If you battle to remember a long line of random numbers, or numbers and letters (and who doesn’t?), you might find a passphrase easier. A passphrase can be a favorite line from a movie or book. Not something obvious like ‘Luke, I am your father’, but something that appealed to you and hasn’t made its way into pop culture history. Make the phrase more secure by swapping letters for numbers. For example, ‘Troy fell’ can become Tr0y f2ll.
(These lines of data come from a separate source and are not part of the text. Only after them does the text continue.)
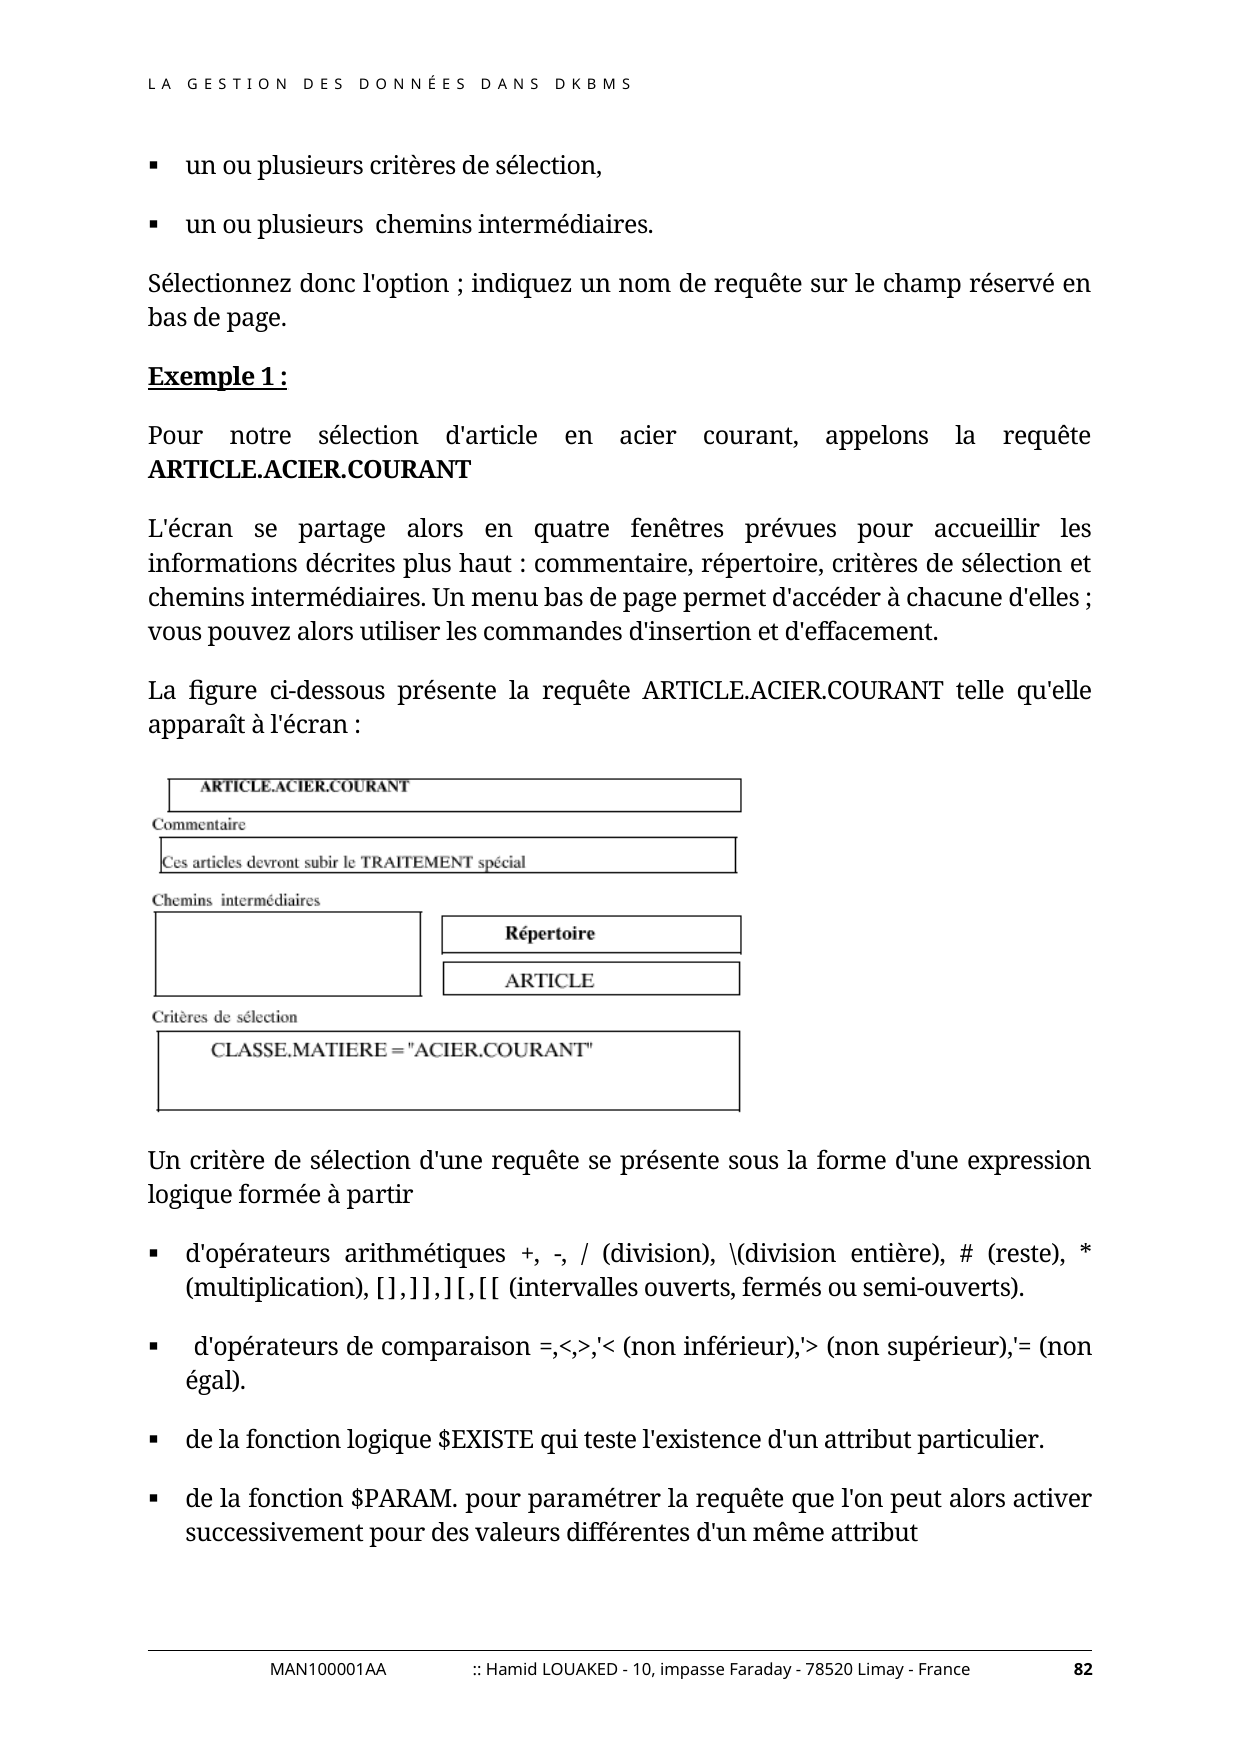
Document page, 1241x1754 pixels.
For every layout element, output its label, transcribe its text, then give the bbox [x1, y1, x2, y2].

list d'opérateurs arithmétiques +, -, / (division), \(division entière), # (reste), * (multiplication), [],]],][,[[ (intervalles ouverts, fermés ou semi-ouverts). [148, 1235, 1092, 1303]
text La figure ci-dessous présente la requête ARTICLE.ACIER.COURANT telle qu'elle apparaît à l'écran : [148, 672, 1092, 741]
text Sélectionnez donc l'option ; indiquez un nom de requête sur le champ réservé en bas de page. [148, 266, 1092, 334]
list de la fonction $PARAM. pour paramétrer la requête que l'on peut alors activer successivement pour des valeurs différentes d'un même attribut [148, 1481, 1092, 1549]
text Un critère de sélection d'une requête se présente sous la forme d'une expression logique formée à partir [148, 1142, 1092, 1210]
list un ou plusieurs chemins intermédiaires. [148, 207, 1092, 241]
text Exemple 1 : [148, 359, 1092, 393]
list d'opérateurs de comparaison =,<,>,'< (non inférieur),'> (non supérieur),'= (non égal). [148, 1328, 1092, 1397]
list un ou plusieurs critères de sélection, [148, 148, 1092, 182]
list de la fonction logique $EXISTE qui teste l'existence d'un attribut particulier. [148, 1422, 1092, 1456]
text Pour notre sélection d'article en acier courant, appelons la requête ARTICLE.ACIER.COURANT [148, 418, 1092, 486]
text L'écran se partage alors en quatre fenêtres prévues pour accueillir les informations décrites plus haut : commentaire, répertoire, critères de sélection et chemins intermédiaires. Un menu bas de page permet d'accéder à chacune d'elles ; vous pouvez alors utiliser les commandes d'insertion et d'effacement. [148, 511, 1092, 647]
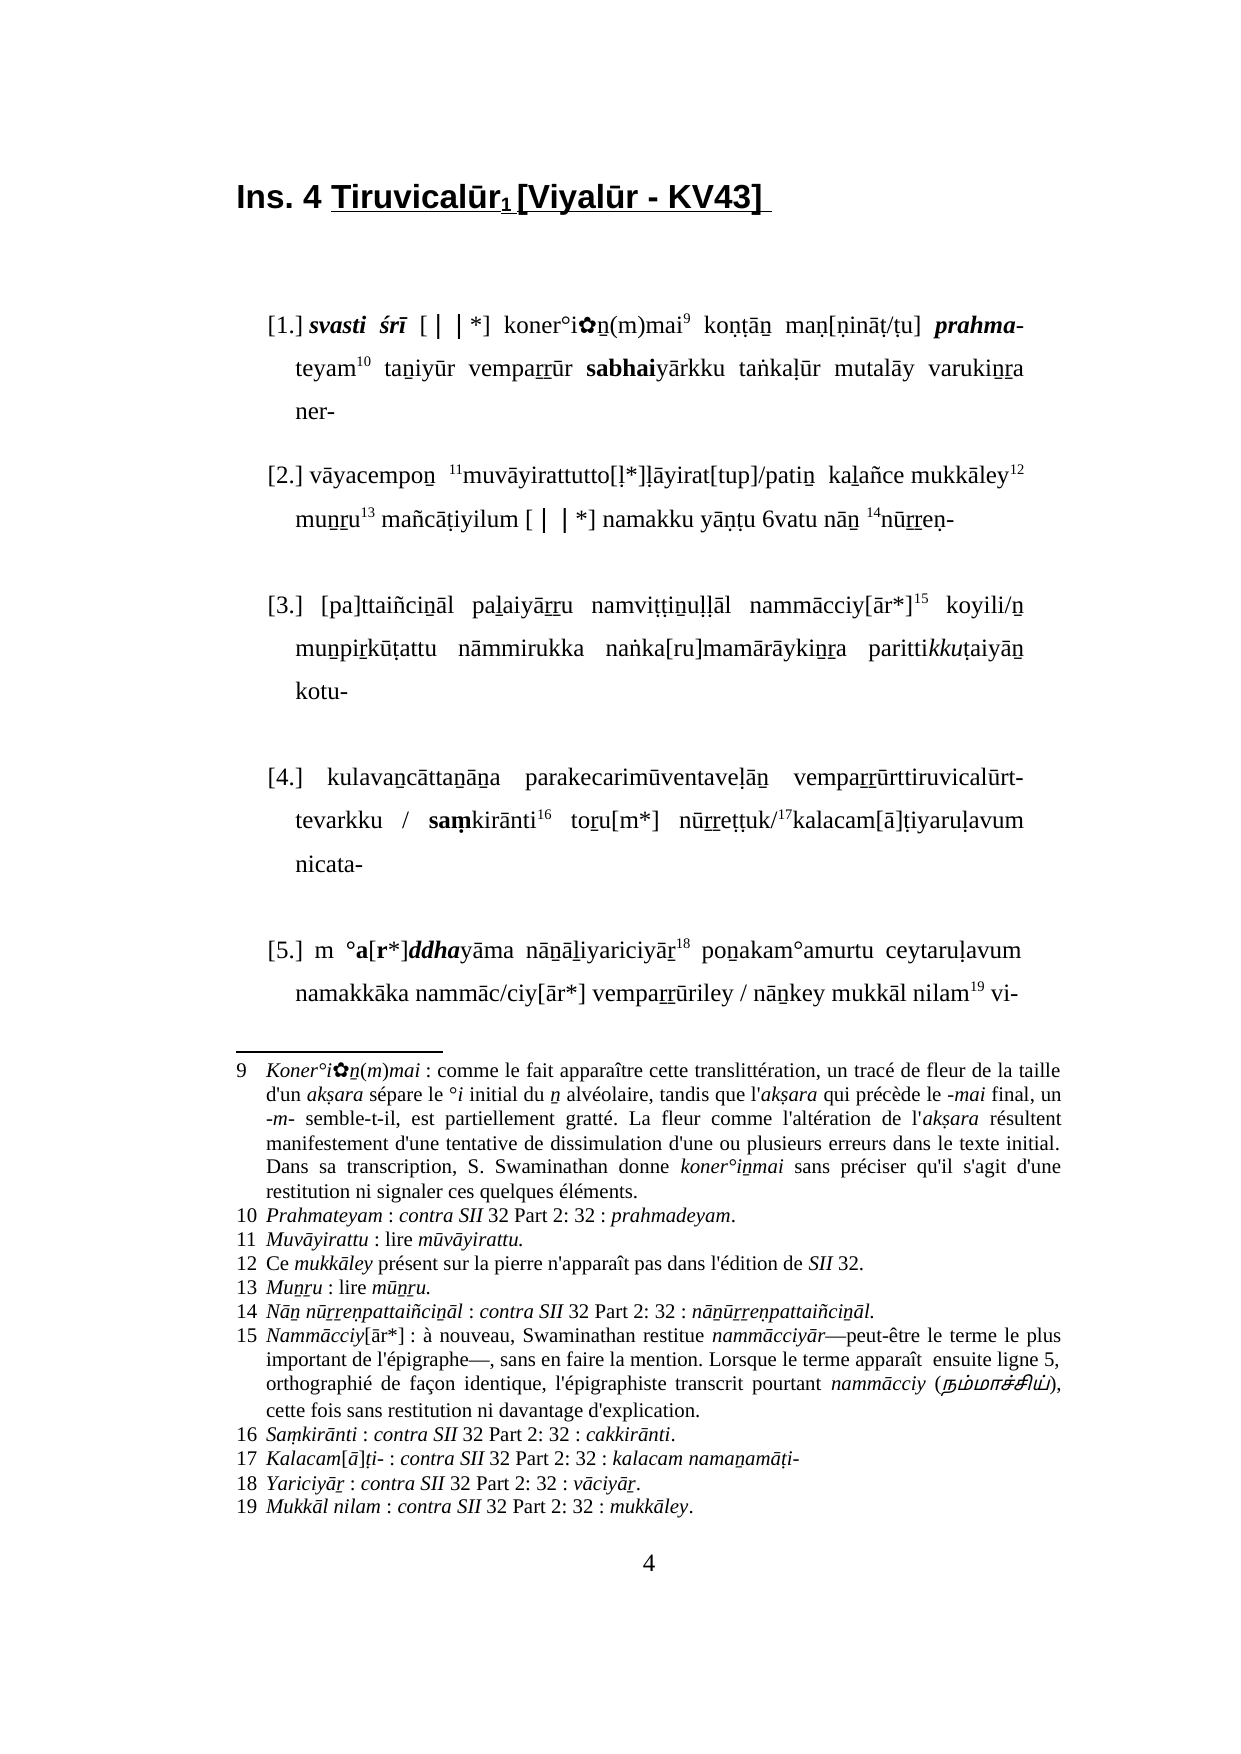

There are millions of books and movies so you can use a different phrase for each account you have.
4) Public and private Wi-Fi
If you can rather avoid using public Wi-Fi, it may be convenient but there is no way to be sure if it’s safe. On a public Wi-Fi network you have no idea if you connecting to someone else’s computer who is harvesting your information with each click and keystroke.
When it comes to your private, home Wi-Fi make sure you give your router a proper password. Many people take the router out the box, set it up and leave the username and password set to admin. Likewise, don’t call it Joe’s router, everyone in your street will be able to see it, and know it’s yours. Rather give it an obscure name, and change the username and password to something specific, and not easy to guess.
5) Be aware of social engineering
Social engineering is on the rise. This is the art of using normal conversation to manipulate people into giving up information on themselves or their companies that hackers can use to access personal and valuable data and systems. Social engineering is a very low tech form of a security attack. In fact, that doesn’t involve any technology at all. It involves someone else who’s trying to gain access by using social engineering techniques.
You never know exactly what the bad guys are going to come up with next. They’re always using different stories and different ideas to try to gain information from you, using these social engineering techniques.
The bad guys use phishing emails or face to face or telephone conversations, pretending to be a customer or a person wanting to do business with you to extract information they can use. If you get calls like this, take it to your IT team, who can investigate who they are talking to and why they need that specific information.